-- Prompt --
Check each line of the entries. Copy the ones that contain the string "roll".

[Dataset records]
....

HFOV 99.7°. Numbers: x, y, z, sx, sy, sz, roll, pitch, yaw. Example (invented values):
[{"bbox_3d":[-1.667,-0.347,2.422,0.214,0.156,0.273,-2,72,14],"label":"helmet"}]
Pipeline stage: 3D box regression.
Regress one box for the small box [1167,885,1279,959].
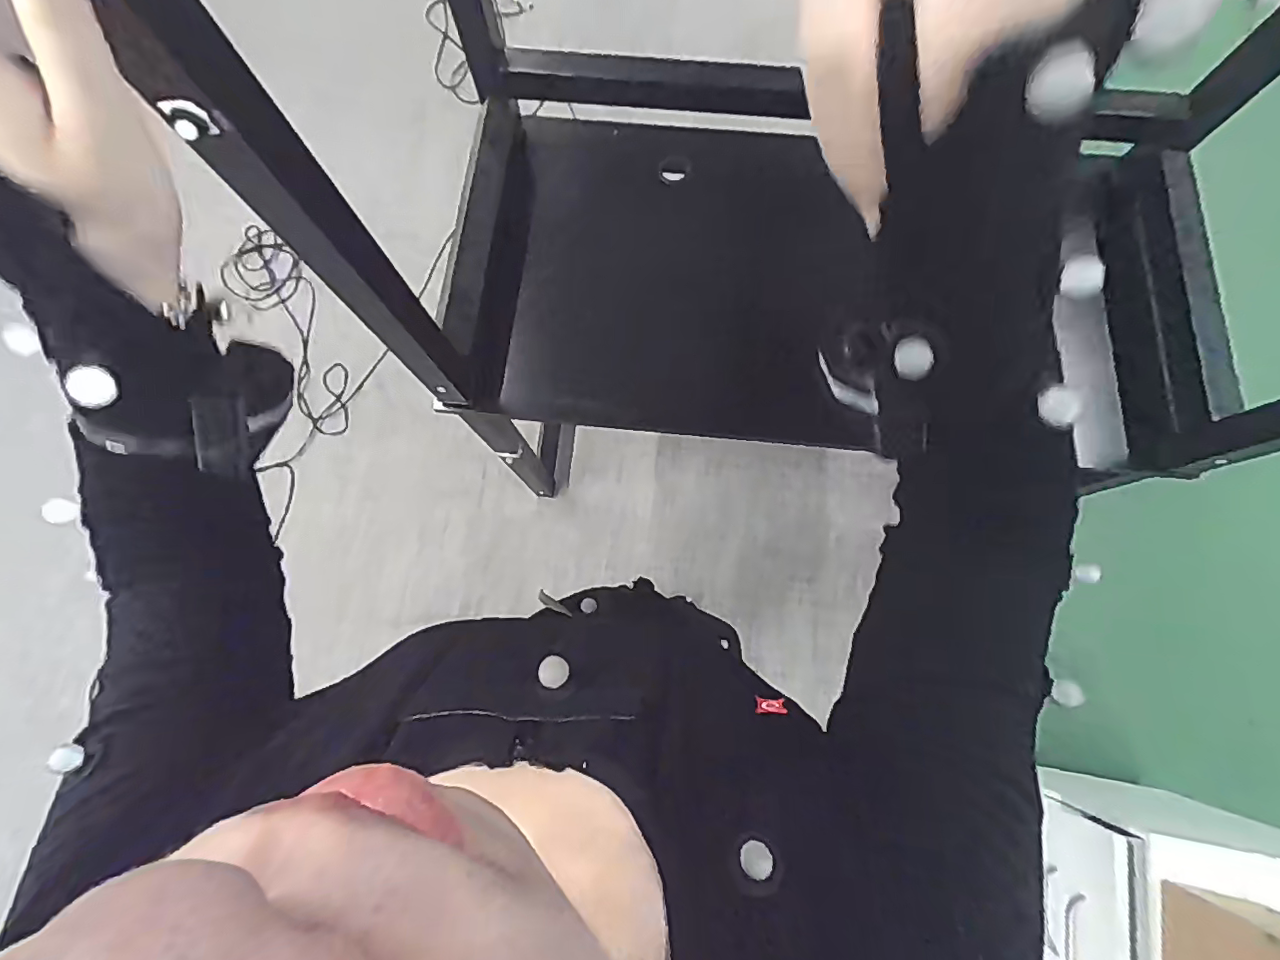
[{"bbox_3d":[0.844,0.675,0.705,0.168,0.176,0.179,12,77,4],"label":"small box"}]
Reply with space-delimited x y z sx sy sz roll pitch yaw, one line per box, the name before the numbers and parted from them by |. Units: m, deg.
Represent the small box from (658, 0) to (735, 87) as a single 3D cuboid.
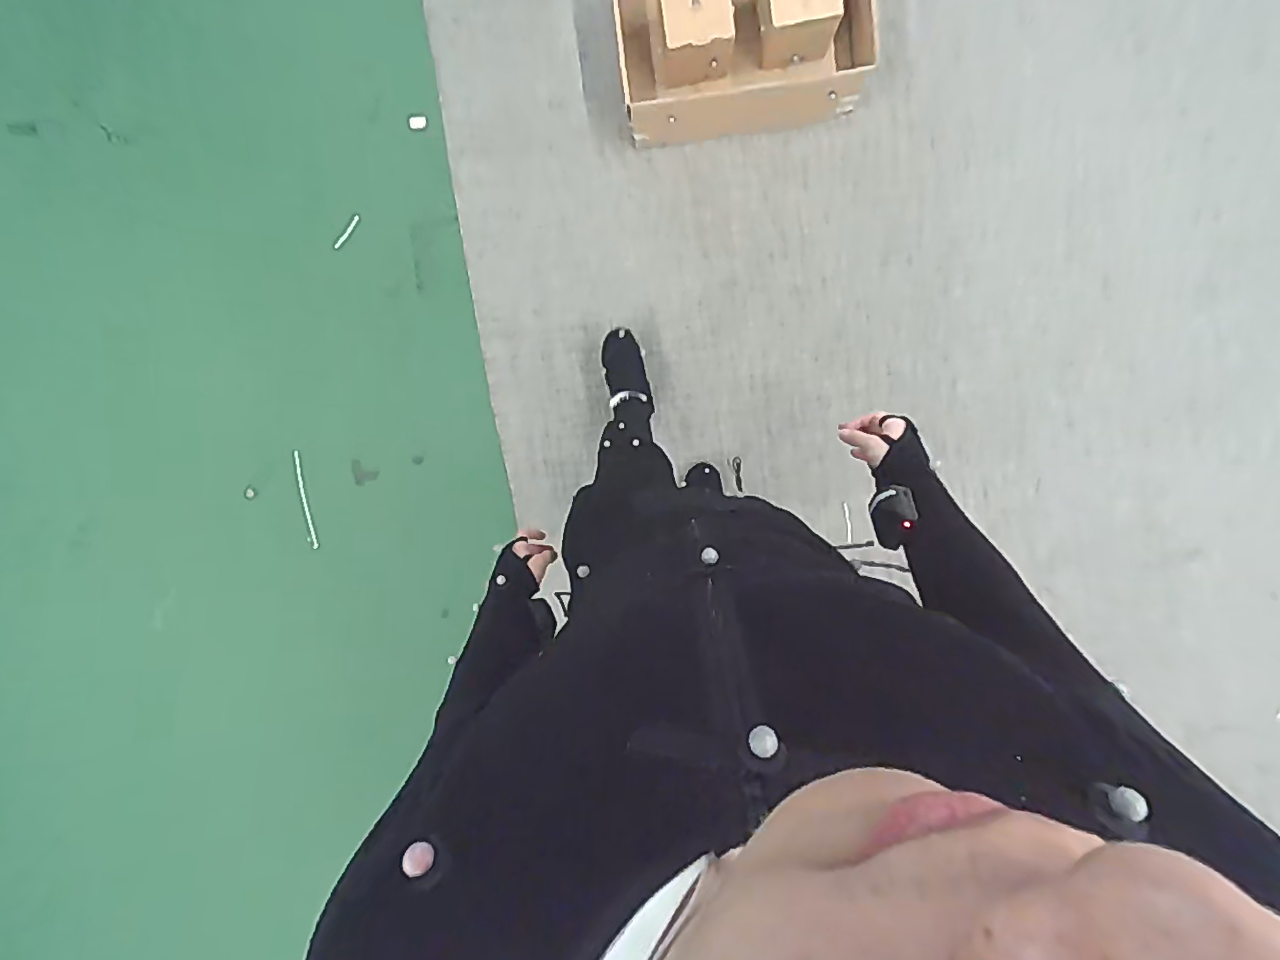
small box | 0.138 -1.124 1.352 0.168 0.176 0.179 -8 96 2

....

-- Solution to this problem --
HFOV 99.7°. Numbers: x, y, z, sx, sy, sz, roll, pitch, yaw. Example (invented values):
Reply with space-delimited x y z sx sy sz roll pitch yaw, one line per box, the name before the numbers and parted from them by |. Units: m, deg.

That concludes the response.